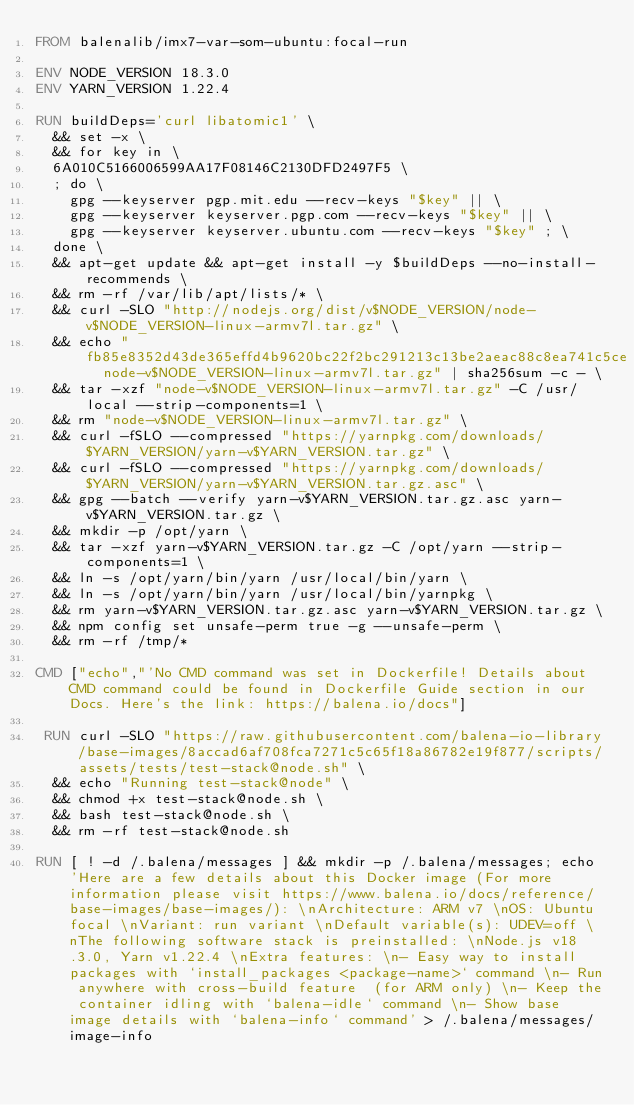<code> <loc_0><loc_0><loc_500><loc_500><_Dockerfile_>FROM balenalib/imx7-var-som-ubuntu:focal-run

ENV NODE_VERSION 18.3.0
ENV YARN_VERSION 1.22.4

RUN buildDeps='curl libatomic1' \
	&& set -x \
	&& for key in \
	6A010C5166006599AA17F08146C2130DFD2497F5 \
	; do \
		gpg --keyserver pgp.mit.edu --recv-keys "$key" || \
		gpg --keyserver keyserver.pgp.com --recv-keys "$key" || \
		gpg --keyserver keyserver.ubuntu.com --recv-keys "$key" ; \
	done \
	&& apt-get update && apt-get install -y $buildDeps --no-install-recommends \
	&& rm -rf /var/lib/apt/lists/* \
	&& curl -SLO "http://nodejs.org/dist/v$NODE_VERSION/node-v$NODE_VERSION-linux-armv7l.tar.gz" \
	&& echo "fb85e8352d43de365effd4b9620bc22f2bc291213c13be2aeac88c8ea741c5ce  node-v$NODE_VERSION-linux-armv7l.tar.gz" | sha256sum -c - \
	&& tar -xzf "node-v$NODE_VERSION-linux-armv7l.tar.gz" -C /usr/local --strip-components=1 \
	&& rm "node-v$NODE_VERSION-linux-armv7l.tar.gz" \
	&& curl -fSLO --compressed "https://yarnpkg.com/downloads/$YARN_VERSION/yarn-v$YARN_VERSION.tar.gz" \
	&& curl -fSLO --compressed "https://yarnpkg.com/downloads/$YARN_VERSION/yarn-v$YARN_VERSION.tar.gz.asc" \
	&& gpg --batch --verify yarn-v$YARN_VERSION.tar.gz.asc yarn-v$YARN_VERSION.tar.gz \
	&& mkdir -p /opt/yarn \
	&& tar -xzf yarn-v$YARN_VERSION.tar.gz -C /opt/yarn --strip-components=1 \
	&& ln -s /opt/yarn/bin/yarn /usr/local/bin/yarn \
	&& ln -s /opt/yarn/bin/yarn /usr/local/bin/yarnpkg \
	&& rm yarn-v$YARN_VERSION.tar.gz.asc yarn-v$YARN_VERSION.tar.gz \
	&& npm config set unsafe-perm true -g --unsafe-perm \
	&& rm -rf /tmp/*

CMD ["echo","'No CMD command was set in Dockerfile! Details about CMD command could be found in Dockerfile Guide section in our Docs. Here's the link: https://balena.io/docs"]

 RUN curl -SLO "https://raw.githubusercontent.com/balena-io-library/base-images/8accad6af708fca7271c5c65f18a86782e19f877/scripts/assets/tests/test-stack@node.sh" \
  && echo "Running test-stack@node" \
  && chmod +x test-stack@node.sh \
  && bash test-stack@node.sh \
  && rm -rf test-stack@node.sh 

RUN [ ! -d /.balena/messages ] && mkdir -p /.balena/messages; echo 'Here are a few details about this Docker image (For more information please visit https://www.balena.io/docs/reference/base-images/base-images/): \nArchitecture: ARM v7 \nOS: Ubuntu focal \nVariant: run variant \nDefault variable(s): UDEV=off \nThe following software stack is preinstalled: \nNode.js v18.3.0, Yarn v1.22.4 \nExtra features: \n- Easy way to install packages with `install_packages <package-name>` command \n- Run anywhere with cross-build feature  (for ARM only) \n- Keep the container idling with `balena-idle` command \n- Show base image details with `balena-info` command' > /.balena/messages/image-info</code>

What the task asks
Excluding pictures, reproduce the listing above exactly as it stands.

Answer section
<code> <loc_0><loc_0><loc_500><loc_500><_Dockerfile_>FROM balenalib/imx7-var-som-ubuntu:focal-run

ENV NODE_VERSION 18.3.0
ENV YARN_VERSION 1.22.4

RUN buildDeps='curl libatomic1' \
	&& set -x \
	&& for key in \
	6A010C5166006599AA17F08146C2130DFD2497F5 \
	; do \
		gpg --keyserver pgp.mit.edu --recv-keys "$key" || \
		gpg --keyserver keyserver.pgp.com --recv-keys "$key" || \
		gpg --keyserver keyserver.ubuntu.com --recv-keys "$key" ; \
	done \
	&& apt-get update && apt-get install -y $buildDeps --no-install-recommends \
	&& rm -rf /var/lib/apt/lists/* \
	&& curl -SLO "http://nodejs.org/dist/v$NODE_VERSION/node-v$NODE_VERSION-linux-armv7l.tar.gz" \
	&& echo "fb85e8352d43de365effd4b9620bc22f2bc291213c13be2aeac88c8ea741c5ce  node-v$NODE_VERSION-linux-armv7l.tar.gz" | sha256sum -c - \
	&& tar -xzf "node-v$NODE_VERSION-linux-armv7l.tar.gz" -C /usr/local --strip-components=1 \
	&& rm "node-v$NODE_VERSION-linux-armv7l.tar.gz" \
	&& curl -fSLO --compressed "https://yarnpkg.com/downloads/$YARN_VERSION/yarn-v$YARN_VERSION.tar.gz" \
	&& curl -fSLO --compressed "https://yarnpkg.com/downloads/$YARN_VERSION/yarn-v$YARN_VERSION.tar.gz.asc" \
	&& gpg --batch --verify yarn-v$YARN_VERSION.tar.gz.asc yarn-v$YARN_VERSION.tar.gz \
	&& mkdir -p /opt/yarn \
	&& tar -xzf yarn-v$YARN_VERSION.tar.gz -C /opt/yarn --strip-components=1 \
	&& ln -s /opt/yarn/bin/yarn /usr/local/bin/yarn \
	&& ln -s /opt/yarn/bin/yarn /usr/local/bin/yarnpkg \
	&& rm yarn-v$YARN_VERSION.tar.gz.asc yarn-v$YARN_VERSION.tar.gz \
	&& npm config set unsafe-perm true -g --unsafe-perm \
	&& rm -rf /tmp/*

CMD ["echo","'No CMD command was set in Dockerfile! Details about CMD command could be found in Dockerfile Guide section in our Docs. Here's the link: https://balena.io/docs"]

 RUN curl -SLO "https://raw.githubusercontent.com/balena-io-library/base-images/8accad6af708fca7271c5c65f18a86782e19f877/scripts/assets/tests/test-stack@node.sh" \
  && echo "Running test-stack@node" \
  && chmod +x test-stack@node.sh \
  && bash test-stack@node.sh \
  && rm -rf test-stack@node.sh 

RUN [ ! -d /.balena/messages ] && mkdir -p /.balena/messages; echo 'Here are a few details about this Docker image (For more information please visit https://www.balena.io/docs/reference/base-images/base-images/): \nArchitecture: ARM v7 \nOS: Ubuntu focal \nVariant: run variant \nDefault variable(s): UDEV=off \nThe following software stack is preinstalled: \nNode.js v18.3.0, Yarn v1.22.4 \nExtra features: \n- Easy way to install packages with `install_packages <package-name>` command \n- Run anywhere with cross-build feature  (for ARM only) \n- Keep the container idling with `balena-idle` command \n- Show base image details with `balena-info` command' > /.balena/messages/image-info</code>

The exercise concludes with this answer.